Кроме того, вопрос о любом движении к востоку от Арраса должен был решать фельдмаршал Хейг, который 15 апреля приказал Алленби остановить наступление и ждать, пока будут закончены приготовления для совместного широкомасштабного наступления по всему фронту. На следующий день, 16 апреля, в тот самый день, когда генерал Нивель начал наступление на Эну, Хейг созвал командующих 1-й, 3-й и 5-й армий на совещание в Сен-Поль для обсуждения планов возобновления наступления. В результате возник план, состоящий из трех частей, согласно которому каждая армия осуществляла продвижение на своем участке фронта: 1-я армия должна была наступать на восток, южнее Вими, и взять Оппи; 3-я армия должна была наступать выше Скарпа и вниз по дороге Аррас — Камбре; 5-я армия должна была возобновить наступление на Буллькур и взять Рианкур и Андекур, две укрепленные деревни позади линии Гинденбурга. Наступление должно было начаться 23 апреля.

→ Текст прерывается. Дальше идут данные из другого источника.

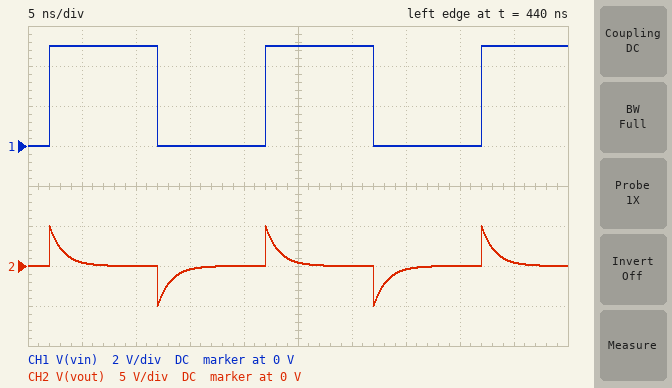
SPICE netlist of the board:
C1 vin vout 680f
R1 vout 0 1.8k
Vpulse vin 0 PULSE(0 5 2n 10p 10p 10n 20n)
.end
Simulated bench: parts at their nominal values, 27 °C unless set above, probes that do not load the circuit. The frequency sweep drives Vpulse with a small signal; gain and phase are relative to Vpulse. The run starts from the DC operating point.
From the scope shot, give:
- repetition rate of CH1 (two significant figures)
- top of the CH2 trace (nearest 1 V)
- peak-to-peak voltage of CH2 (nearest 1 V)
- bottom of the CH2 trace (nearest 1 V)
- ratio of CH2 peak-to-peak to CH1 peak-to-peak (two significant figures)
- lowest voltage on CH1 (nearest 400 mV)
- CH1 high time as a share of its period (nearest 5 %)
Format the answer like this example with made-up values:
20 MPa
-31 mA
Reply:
50 MHz
5 V
10 V
-5 V
2.0
0 V
50 %
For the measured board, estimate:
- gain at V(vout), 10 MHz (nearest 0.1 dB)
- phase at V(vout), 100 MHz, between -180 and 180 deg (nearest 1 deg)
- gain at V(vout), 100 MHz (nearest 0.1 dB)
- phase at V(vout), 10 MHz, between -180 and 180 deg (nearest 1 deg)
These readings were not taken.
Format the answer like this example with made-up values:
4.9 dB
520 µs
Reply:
-22.3 dB
52 deg
-4.3 dB
86 deg
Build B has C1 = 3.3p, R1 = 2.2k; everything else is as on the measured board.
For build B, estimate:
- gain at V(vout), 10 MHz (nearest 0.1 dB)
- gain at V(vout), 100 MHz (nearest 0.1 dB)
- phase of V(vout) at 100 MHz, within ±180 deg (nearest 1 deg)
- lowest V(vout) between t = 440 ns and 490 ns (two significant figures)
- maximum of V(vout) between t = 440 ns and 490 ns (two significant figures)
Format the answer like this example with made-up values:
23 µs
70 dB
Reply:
-7.6 dB
-0.2 dB
12 deg
-4.0 V
4.0 V
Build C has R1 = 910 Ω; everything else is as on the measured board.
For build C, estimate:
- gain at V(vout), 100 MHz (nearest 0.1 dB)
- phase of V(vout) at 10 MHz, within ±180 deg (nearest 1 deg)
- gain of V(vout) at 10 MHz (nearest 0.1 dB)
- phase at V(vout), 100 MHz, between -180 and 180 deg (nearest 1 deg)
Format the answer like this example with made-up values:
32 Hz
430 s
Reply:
-8.8 dB
88 deg
-28.2 dB
69 deg
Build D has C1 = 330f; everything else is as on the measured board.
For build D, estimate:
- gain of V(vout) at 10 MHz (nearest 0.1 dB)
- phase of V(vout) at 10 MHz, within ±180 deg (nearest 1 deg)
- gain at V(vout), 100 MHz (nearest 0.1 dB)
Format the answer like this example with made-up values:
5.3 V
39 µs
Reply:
-28.6 dB
88 deg
-9.1 dB
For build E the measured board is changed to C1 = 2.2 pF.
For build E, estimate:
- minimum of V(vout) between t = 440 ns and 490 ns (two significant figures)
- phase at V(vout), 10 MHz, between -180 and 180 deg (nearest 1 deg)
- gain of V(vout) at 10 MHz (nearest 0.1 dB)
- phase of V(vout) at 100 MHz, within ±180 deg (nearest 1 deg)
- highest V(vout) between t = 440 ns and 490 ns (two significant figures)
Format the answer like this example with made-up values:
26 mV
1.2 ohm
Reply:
-4.6 V
76 deg
-12.3 dB
22 deg
4.6 V

По различным причинам 2-е сражение у Скрапа, как и первое, было главным образом операцией 3-й армии. Это было еще одно рассыпающееся на отдельные направления наступление, хотя и в меньшем масштабе, тем не менее отдельные его эпизоды были действительно очень тяжелыми боями. Германская артиллерия была теперь сильнее, а оборонявшаяся пехота — свежее, чем та, которая атаковала британцев. Были достигнуты, однако, некоторые успехи. На правом фланге VII корпус продвинулся еще на 1,5 км и взял 1600 пленных, но столкнулся с упорной обороной у Жемаппа и был контратакован с востока у Монши. Сражение выродилось в «солдатский бой», серию небольших стычек на уровне взвода и роты с использованием пулеметов, стрелкового оружия и гранат.
К северу от Скрапа XVII и XIII корпуса пробивали себе дорогу на Восток, сражаясь на улицах разрушенных деревень и неся тяжелые потери. Сражение приняло образ, отчетливую форму, сделавшись жестоким делом из постоянно повторяющихся атак и контратак, тем типом упорного столкновения, который, кажется, в наибольшей степени подходил к «бычьей» натуре Алленби. Были достигнуты некоторые успехи, но медленно и дорогой ценой, однако Алленби и Хейг, казалось, были уверены, что враг ослабевает и, стоит усилить нажим, сражение пойдет легче. Здесь вновь можно видеть главный изъян в командовании Хейга — нежелание признать, что наступление достигло всего, чего от него можно было ожидать, и его следует прекратить.